## WHAT THE TASK REQUIRES:
Every line of the data that includes "seam" should be copied out.

=== Begin Enclosure ===

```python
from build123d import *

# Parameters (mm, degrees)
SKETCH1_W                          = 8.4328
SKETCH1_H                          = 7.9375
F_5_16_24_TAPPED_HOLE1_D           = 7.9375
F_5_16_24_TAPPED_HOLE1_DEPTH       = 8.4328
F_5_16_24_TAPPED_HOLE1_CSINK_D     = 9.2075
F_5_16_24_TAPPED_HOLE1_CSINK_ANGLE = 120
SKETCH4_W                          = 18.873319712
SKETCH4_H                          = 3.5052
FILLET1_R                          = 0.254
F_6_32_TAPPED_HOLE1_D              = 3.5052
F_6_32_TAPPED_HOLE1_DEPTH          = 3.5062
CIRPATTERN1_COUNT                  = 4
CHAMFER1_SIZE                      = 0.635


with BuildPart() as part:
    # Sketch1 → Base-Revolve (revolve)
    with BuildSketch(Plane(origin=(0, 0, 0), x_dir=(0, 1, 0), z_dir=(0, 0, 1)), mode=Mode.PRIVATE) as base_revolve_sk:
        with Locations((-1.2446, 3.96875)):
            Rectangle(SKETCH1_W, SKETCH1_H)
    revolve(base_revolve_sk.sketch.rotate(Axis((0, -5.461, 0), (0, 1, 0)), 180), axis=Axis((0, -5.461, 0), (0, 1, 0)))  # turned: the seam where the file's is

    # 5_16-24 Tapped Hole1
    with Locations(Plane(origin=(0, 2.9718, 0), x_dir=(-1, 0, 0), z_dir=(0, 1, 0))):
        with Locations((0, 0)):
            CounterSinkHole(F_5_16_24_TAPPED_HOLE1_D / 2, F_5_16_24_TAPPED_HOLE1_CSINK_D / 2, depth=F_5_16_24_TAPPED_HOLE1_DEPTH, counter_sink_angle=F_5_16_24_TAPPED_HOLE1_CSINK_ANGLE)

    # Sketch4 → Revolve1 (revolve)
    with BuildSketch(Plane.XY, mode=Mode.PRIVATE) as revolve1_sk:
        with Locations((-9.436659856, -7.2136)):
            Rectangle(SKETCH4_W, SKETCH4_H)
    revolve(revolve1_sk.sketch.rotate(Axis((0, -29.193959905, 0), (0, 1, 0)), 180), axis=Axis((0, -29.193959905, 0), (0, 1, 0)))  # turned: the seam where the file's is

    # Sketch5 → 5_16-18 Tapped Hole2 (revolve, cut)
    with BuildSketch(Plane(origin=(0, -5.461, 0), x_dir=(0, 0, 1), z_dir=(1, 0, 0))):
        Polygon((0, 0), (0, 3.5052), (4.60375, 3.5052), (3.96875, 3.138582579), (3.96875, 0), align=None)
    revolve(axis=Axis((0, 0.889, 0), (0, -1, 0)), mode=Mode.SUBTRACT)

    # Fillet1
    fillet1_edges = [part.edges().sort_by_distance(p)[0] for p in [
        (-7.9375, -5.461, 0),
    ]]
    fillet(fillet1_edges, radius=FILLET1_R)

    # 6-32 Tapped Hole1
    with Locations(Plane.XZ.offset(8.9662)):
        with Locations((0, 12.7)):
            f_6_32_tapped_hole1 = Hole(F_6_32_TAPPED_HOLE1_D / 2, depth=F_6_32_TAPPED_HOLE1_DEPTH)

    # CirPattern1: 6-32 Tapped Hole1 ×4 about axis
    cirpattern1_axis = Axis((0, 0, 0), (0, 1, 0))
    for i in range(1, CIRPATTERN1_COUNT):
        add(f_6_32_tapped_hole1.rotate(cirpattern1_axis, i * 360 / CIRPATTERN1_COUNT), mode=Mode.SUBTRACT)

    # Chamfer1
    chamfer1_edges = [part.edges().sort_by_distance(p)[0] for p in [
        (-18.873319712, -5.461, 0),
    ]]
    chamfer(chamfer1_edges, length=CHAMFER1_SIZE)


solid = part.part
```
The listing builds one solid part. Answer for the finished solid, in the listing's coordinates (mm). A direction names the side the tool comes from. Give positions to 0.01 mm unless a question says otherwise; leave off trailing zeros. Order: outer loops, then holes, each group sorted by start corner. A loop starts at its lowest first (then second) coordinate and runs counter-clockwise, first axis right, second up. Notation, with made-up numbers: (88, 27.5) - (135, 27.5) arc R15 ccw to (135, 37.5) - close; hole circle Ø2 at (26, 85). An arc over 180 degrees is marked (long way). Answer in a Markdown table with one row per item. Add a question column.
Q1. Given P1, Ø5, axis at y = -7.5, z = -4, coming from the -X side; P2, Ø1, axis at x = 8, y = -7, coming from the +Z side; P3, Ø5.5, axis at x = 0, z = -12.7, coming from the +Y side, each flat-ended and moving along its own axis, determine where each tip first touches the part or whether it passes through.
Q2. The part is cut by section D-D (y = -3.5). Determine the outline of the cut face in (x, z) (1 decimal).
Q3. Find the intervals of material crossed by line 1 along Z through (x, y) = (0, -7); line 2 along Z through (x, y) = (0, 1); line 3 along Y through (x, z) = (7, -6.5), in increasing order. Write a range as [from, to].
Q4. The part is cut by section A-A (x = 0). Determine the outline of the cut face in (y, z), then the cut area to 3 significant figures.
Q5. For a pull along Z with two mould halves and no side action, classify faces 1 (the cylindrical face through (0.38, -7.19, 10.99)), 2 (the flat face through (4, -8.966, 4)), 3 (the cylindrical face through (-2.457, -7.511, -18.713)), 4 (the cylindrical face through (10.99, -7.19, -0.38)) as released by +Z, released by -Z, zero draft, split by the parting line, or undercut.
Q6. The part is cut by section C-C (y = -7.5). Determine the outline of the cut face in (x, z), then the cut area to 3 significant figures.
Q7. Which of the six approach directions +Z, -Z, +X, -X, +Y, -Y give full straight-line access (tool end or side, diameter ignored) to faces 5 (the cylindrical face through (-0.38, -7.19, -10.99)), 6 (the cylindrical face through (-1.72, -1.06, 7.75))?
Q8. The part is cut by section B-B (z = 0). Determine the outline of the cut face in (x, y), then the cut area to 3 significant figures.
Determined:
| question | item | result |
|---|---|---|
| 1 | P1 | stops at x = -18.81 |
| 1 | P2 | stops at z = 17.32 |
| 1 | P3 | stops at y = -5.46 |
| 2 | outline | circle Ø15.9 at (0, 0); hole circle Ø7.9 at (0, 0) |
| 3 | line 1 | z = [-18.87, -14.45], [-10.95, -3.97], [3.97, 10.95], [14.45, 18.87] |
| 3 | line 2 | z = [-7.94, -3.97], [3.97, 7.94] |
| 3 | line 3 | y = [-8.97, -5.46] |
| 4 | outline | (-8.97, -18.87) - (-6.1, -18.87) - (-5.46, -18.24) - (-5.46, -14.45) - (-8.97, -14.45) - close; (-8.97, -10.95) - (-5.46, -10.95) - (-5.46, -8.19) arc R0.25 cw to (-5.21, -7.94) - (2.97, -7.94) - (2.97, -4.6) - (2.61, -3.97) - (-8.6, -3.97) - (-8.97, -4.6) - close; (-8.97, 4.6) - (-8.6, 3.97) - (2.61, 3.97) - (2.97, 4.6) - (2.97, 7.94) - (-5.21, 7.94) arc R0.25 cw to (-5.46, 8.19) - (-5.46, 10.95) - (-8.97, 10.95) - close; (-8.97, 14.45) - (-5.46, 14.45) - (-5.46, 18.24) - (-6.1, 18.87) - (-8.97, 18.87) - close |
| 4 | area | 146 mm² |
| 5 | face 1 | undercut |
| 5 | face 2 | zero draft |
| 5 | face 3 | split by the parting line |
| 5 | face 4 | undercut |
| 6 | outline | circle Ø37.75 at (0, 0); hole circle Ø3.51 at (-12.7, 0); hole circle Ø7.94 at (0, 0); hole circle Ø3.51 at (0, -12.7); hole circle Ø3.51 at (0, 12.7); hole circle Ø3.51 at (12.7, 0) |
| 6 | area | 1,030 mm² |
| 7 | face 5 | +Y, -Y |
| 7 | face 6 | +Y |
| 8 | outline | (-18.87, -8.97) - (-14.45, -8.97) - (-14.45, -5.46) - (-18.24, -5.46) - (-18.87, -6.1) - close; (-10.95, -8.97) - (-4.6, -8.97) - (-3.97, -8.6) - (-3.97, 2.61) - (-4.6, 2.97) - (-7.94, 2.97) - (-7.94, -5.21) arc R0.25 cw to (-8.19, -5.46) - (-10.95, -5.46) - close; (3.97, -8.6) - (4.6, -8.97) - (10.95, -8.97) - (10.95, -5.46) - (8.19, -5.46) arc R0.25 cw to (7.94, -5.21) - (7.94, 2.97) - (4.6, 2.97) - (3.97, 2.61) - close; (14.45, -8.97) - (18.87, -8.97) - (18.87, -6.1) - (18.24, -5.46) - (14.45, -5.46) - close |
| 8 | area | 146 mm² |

=== End Enclosure ===

## RESPONSE TO THIS TASK:
    revolve(base_revolve_sk.sketch.rotate(Axis((0, -5.461, 0), (0, 1, 0)), 180), axis=Axis((0, -5.461, 0), (0, 1, 0)))  # turned: the seam where the file's is
    revolve(revolve1_sk.sketch.rotate(Axis((0, -29.193959905, 0), (0, 1, 0)), 180), axis=Axis((0, -29.193959905, 0), (0, 1, 0)))  # turned: the seam where the file's is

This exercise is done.